Inflammatory eye conditions can begin suddenly or have a long-term course, gradually worsening vision. This group includes conjunctivitis, uveitis, keratitis, corneal ulcers, blepharitis, and dry eye syndrome. Timely conservative treatment helps eliminate infection, reduce inflammation, and prevent complications that may lead to persistent vision loss.

Indications for treatment:

  • viral, bacterial, and allergic conjunctivitis;
  • keratitis and keratoconjunctivitis of various origins;
  • uveitis (anterior, intermediate, posterior);
  • ulcerative corneal lesions;
  • blepharitis and meibomian gland inflammation (meibomitis);
  • dry eye syndrome and “red eye”;
  • recurrent infectious or inflammatory processes that do not resolve on their own.

Key therapy methods:

  • antibacterial, antiviral, antifungal, or antiparasitic treatment—depending on the etiology;
  • anti-inflammatory agents (nonsteroidal or steroid—when indicated);
  • mydriatics and immunosuppressive therapy for uveitis when appropriate;
  • regenerative and lubricating drops to restore the cornea and tear film;
  • medications to reduce edema, pain, and irritation;
  • hygienic and warm compress procedures for blepharitis/meibomian gland dysfunction;
  • dynamic follow-up, including OCT, biomicroscopy, and fundus examination.

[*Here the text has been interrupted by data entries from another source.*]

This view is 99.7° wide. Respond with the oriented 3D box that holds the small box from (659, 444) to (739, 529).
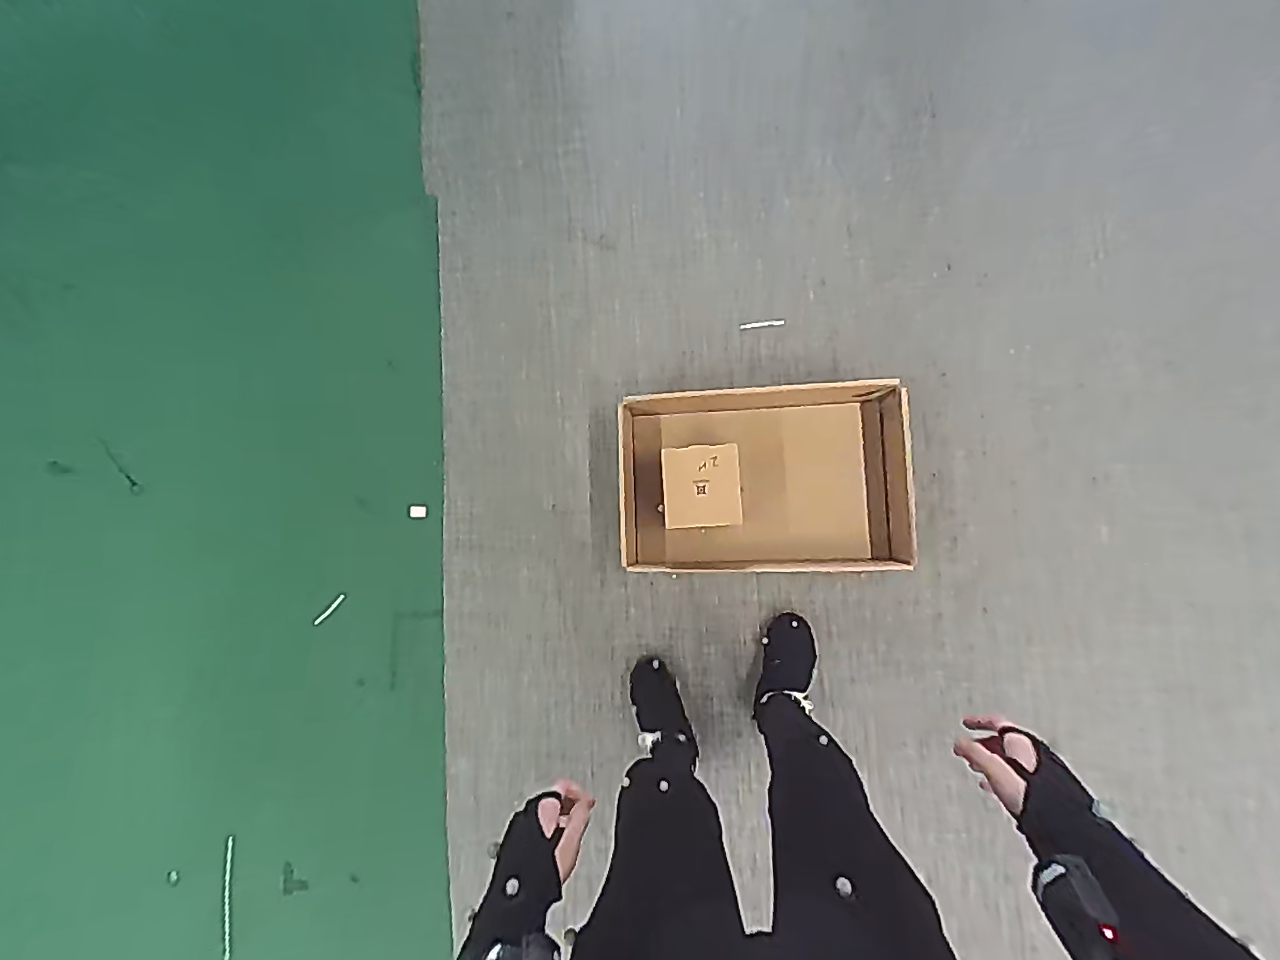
[{"bbox_3d":[0.137,0.020,1.224,0.168,0.176,0.179,-3,85,8],"label":"small box"}]
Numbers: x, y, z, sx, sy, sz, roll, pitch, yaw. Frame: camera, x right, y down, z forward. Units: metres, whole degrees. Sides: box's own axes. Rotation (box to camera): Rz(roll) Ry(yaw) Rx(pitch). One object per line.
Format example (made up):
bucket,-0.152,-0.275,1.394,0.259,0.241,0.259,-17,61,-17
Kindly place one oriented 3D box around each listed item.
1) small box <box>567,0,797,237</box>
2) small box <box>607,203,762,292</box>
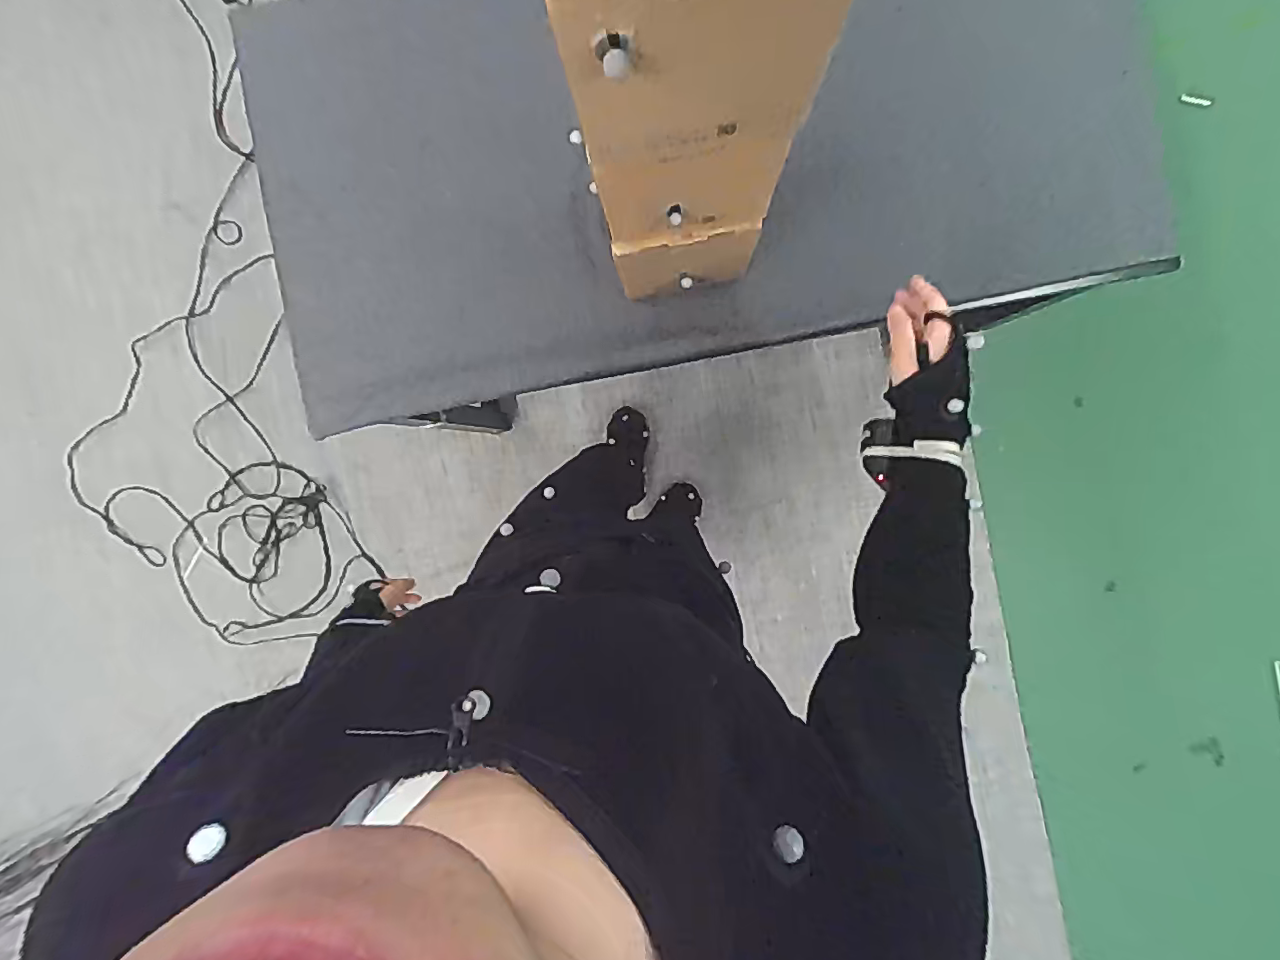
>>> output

When to seek care immediately:

  • sharp eye pain or pronounced photophobia;
  • redness, swelling, and excessive tearing;
  • a gritty or foreign-body sensation;
  • blurred vision or sudden vision loss;
  • suspected corneal ulcer or progressive keratitis.

Early consultation with an ophthalmologist and properly selected therapy help relieve inflammation quickly, restore comfort, and minimize the risk of dangerous complications.